▸ **What the exercise asks**
Which of the lines below include the word "Kick"? Pull each one out.

[Records drawn from a dataset]

┌──

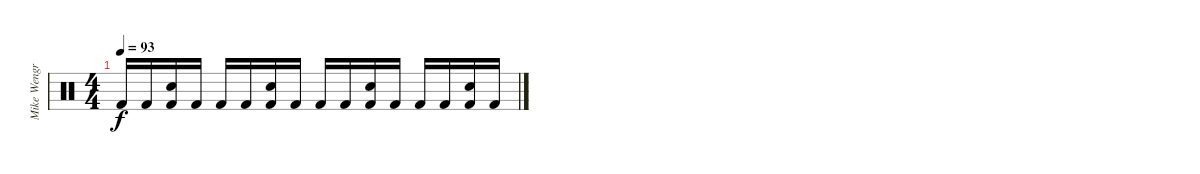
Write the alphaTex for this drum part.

\track ("Mike Wengren" "Mike Wengr") {instrument percussion}
\staff {score}
\articulation defaults
\ts (4 4)
\tempo 93
\clef neutral
\ks c "Kick (hit) 2".16{dy f} "Kick (hit) 2".16
("Electric Snare (hit)" "Kick (hit) 2").16 "Kick (hit) 2".16 "Kick (hit) 2".16 "Kick (hit) 2".16 ("Electric Snare (hit)" "Kick (hit) 2").16 "Kick (hit) 2".16 "Kick (hit) 2".16 "Kick (hit) 2".16 ("Electric Snare (hit)" "Kick (hit) 2").16 "Kick (hit) 2".16 "Kick (hit) 2".16 "Kick (hit) 2".16 ("Electric Snare (hit)" "Kick (hit) 2").16 "Kick (hit) 2".16
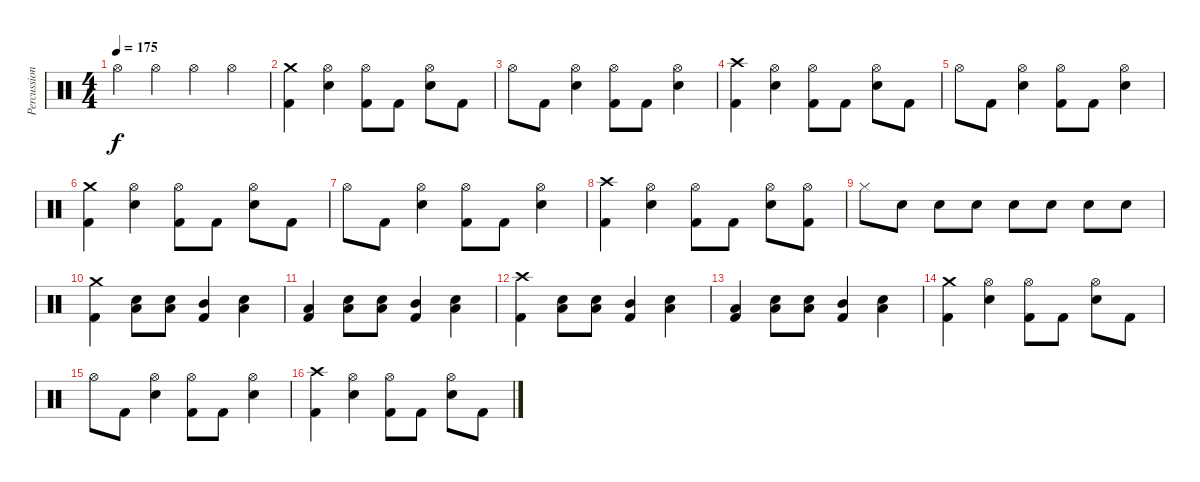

└──

▸ **Result of the exercise**
\ks c "Kick (hit) 2".16{dy f} "Kick (hit) 2".16
("Electric Snare (hit)" "Kick (hit) 2").16 "Kick (hit) 2".16 "Kick (hit) 2".16 "Kick (hit) 2".16 ("Electric Snare (hit)" "Kick (hit) 2").16 "Kick (hit) 2".16 "Kick (hit) 2".16 "Kick (hit) 2".16 ("Electric Snare (hit)" "Kick (hit) 2").16 "Kick (hit) 2".16 "Kick (hit) 2".16 "Kick (hit) 2".16 ("Electric Snare (hit)" "Kick (hit) 2").16 "Kick (hit) 2".16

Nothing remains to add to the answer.